It is believed that Intel is seeking at least 400 departures from the workforce of 4,500 in plants in Leixlip, Shannon and Cork, due to declining demand for PCs as it shifts focus to cloud computing.

Sources said staff were told to access an online tool which allows them to work out how much of a redundancy package they are entitled to.

The voluntary sign-up period opened on May 5. They have been given until the May 27 deadline to click 'accept' on the 'selection tool'. Sources said staff with huge expertise based at the 350-acre campus in Leixlip had been selected for the programme, from process technicians and maintenance technicians to planning and yield engineers.

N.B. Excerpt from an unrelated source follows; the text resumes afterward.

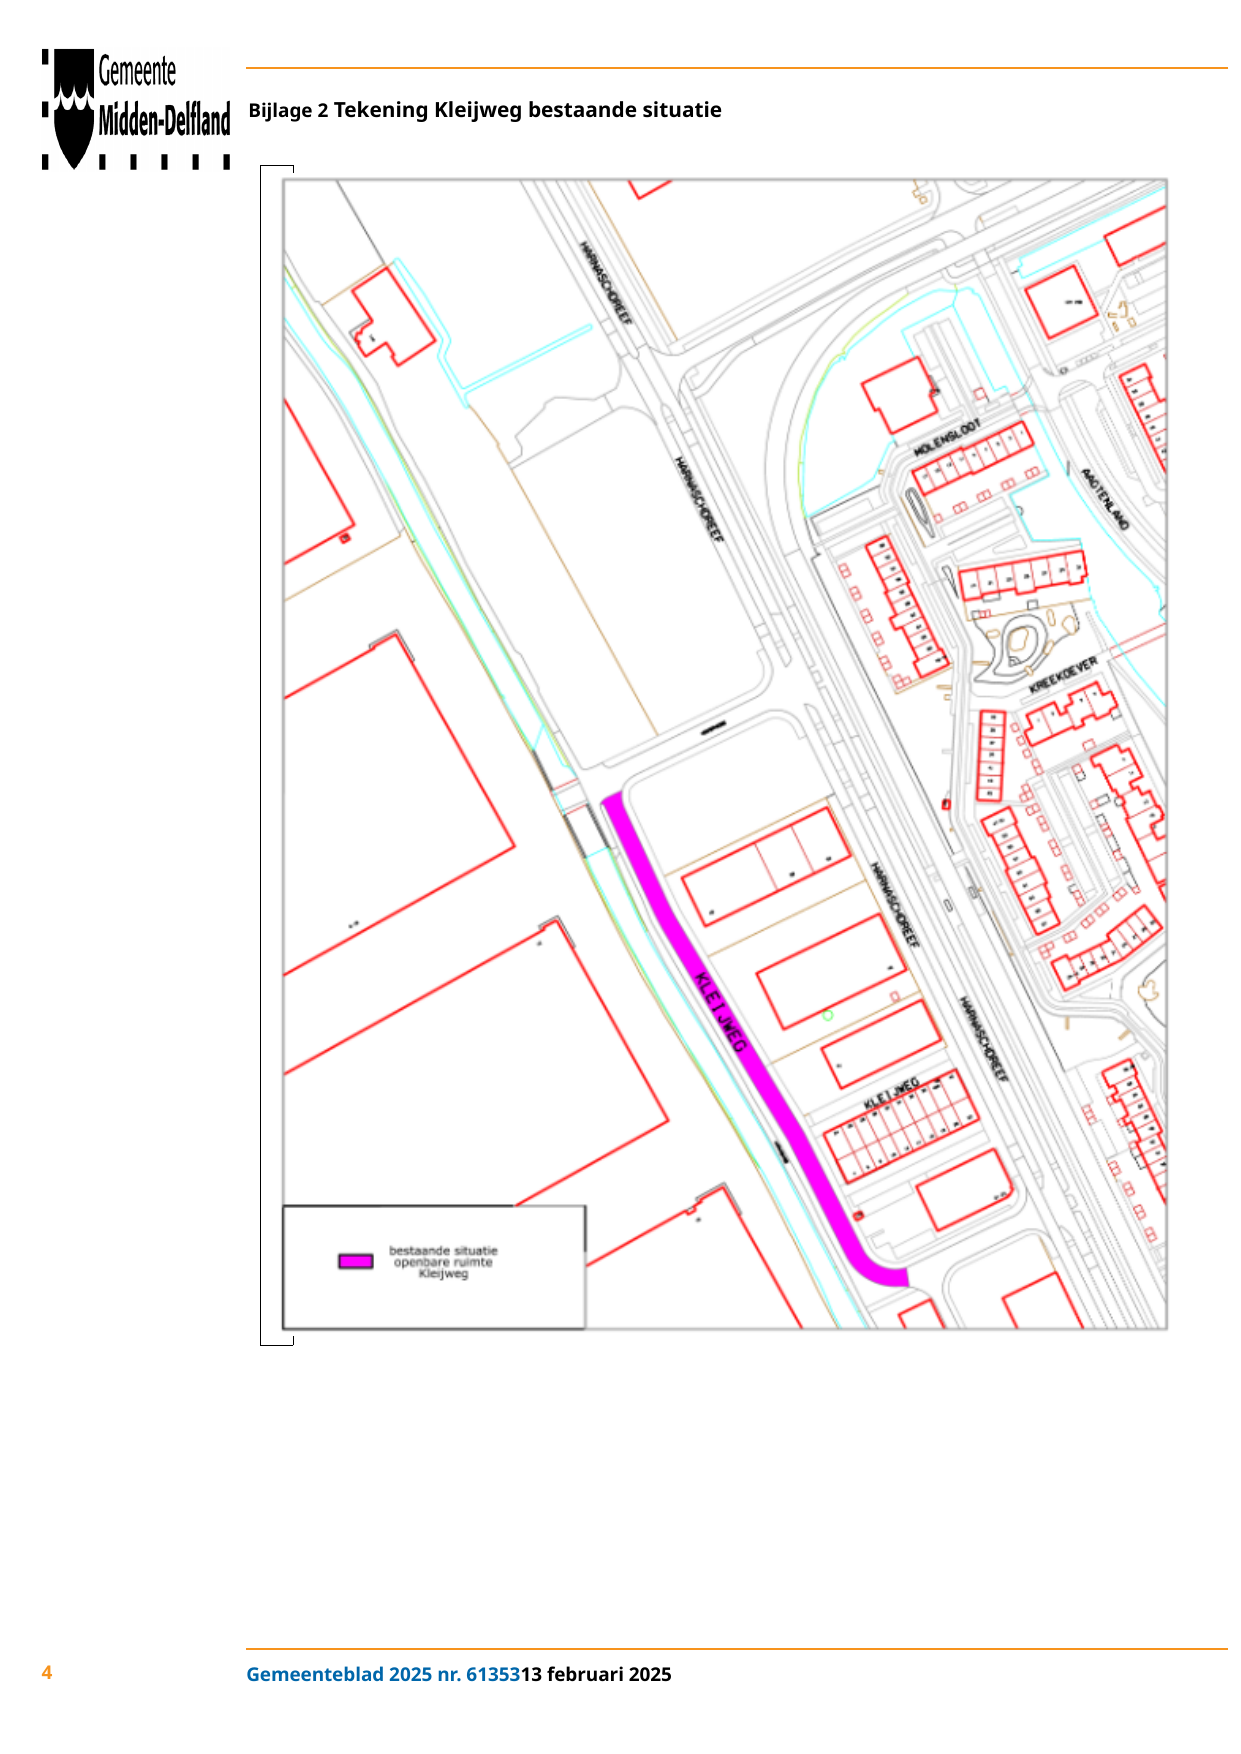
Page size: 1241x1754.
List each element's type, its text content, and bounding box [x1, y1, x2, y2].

The chief criterion is their length of service, particularly if they have remained in the same position or grade for a long time.

Although the company did not specify how it selected those for the redundancy programme, staff said those with less than 20 years' experience were turned down when they applied.

Workers have been told that they can stay and continue working, but those 'on the list' fear they will be viewed as 'stagnant' and will be the first to go in the event of further cuts.

They also fear that the redundancy offer - worth five weeks' pay per year of service plus statutory, capped at two years pay - may be withdrawn.

"Whatever way they were selected, no one in Ireland had a say," said a source. "It came from the States.

"The new CEO let executives go last year and what he seems to want is young workers on lower wages pushing upwards for promotion constantly."

News of the redundancies has caused surprise in Ireland as the company has invested €3.6bn in the last five years upgrading the Leixlip plant, which is its biggest in Europe.